◆ Task directions: Each line holding the string "point" is to be copied from the data.

---*---

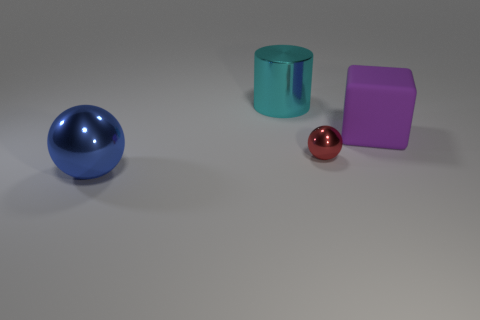How many large green matte balls are there?
Your answer should be compact. 0. Does the large shiny ball have the same color as the large metallic cylinder?
Provide a succinct answer. No. Is the number of big objects left of the purple block less than the number of big matte cubes in front of the big blue metallic object?
Your answer should be very brief. No. The big block is what color?
Keep it short and to the point. Purple. How many other large cylinders have the same color as the large cylinder?
Give a very brief answer. 0. There is a red sphere; are there any metal objects in front of it?
Your response must be concise. Yes. Is the number of large blue metal things that are behind the big cyan thing the same as the number of big purple cubes that are behind the rubber object?
Give a very brief answer. Yes. Do the metallic thing behind the matte block and the thing that is on the right side of the red shiny sphere have the same size?
Provide a succinct answer. Yes. What shape is the big object to the right of the metallic ball that is to the right of the large object that is in front of the tiny red object?
Provide a short and direct response. Cube. Are there any other things that are the same material as the tiny red object?
Offer a terse response. Yes. 
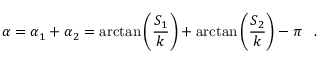Convert formula to latex. <formula><loc_0><loc_0><loc_500><loc_500>\alpha = \alpha _ { 1 } + \alpha _ { 2 } = \arctan \left ( \frac { S _ { 1 } } k \right ) + \arctan \left ( \frac { S _ { 2 } } k \right ) - \pi \, \ \ .</formula> 
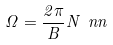<formula> <loc_0><loc_0><loc_500><loc_500>\Omega = \frac { 2 \pi } { B } N \ n n</formula> 
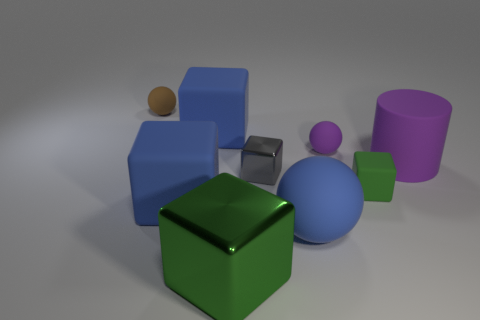How big is the matte object to the right of the block that is to the right of the small rubber sphere in front of the brown matte thing?
Ensure brevity in your answer.  Large. Is there a small thing that is in front of the rubber ball that is in front of the tiny ball in front of the brown thing?
Your answer should be very brief. No. Is the number of tiny purple matte objects greater than the number of large brown objects?
Ensure brevity in your answer.  Yes. The matte block behind the tiny shiny cube is what color?
Offer a very short reply. Blue. Are there more balls that are to the right of the small brown matte object than big green objects?
Offer a terse response. Yes. Are the small purple ball and the brown sphere made of the same material?
Ensure brevity in your answer.  Yes. What number of other objects are the same shape as the large metal object?
Keep it short and to the point. 4. Is there anything else that is the same material as the big ball?
Provide a short and direct response. Yes. The small ball in front of the small sphere that is left of the small matte ball that is in front of the small brown matte thing is what color?
Provide a short and direct response. Purple. Do the green object that is to the right of the big shiny cube and the small purple matte object have the same shape?
Ensure brevity in your answer.  No. 
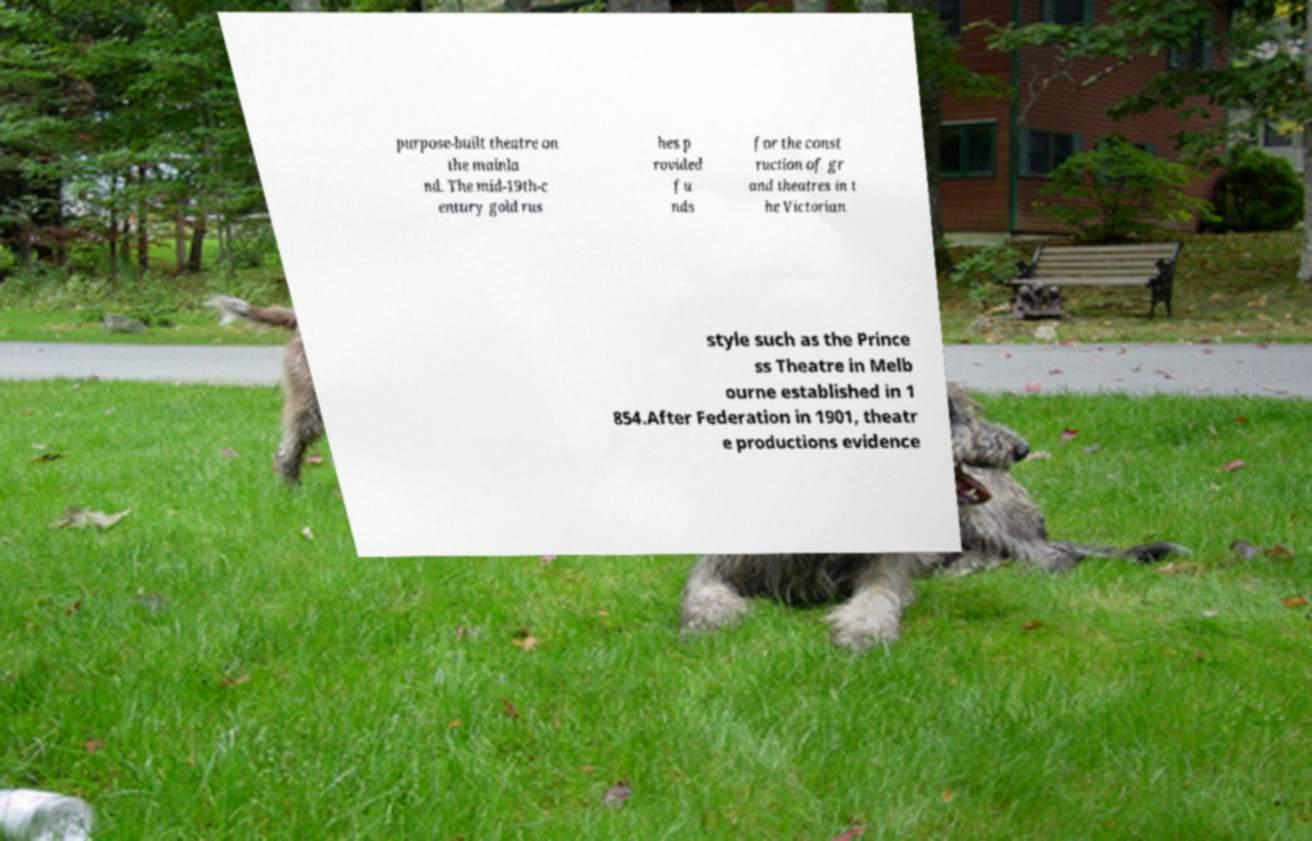For documentation purposes, I need the text within this image transcribed. Could you provide that? purpose-built theatre on the mainla nd. The mid-19th-c entury gold rus hes p rovided fu nds for the const ruction of gr and theatres in t he Victorian style such as the Prince ss Theatre in Melb ourne established in 1 854.After Federation in 1901, theatr e productions evidence 
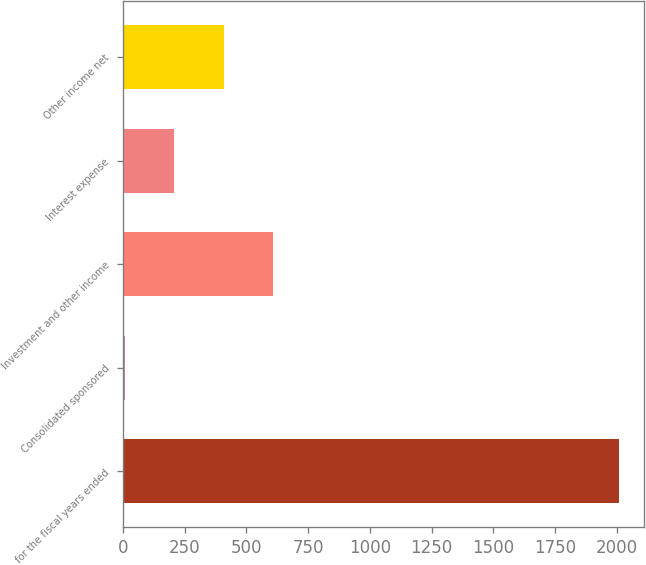Convert chart. <chart><loc_0><loc_0><loc_500><loc_500><bar_chart><fcel>for the fiscal years ended<fcel>Consolidated sponsored<fcel>Investment and other income<fcel>Interest expense<fcel>Other income net<nl><fcel>2010<fcel>8.5<fcel>608.95<fcel>208.65<fcel>408.8<nl></chart>

---*---

◆ Solution for this problem:
Keep it short and to the point. Purple. How many other large cylinders have the same color as the large cylinder?
Keep it short and to the point. 4. Is there anything else that is the same material as the big ball?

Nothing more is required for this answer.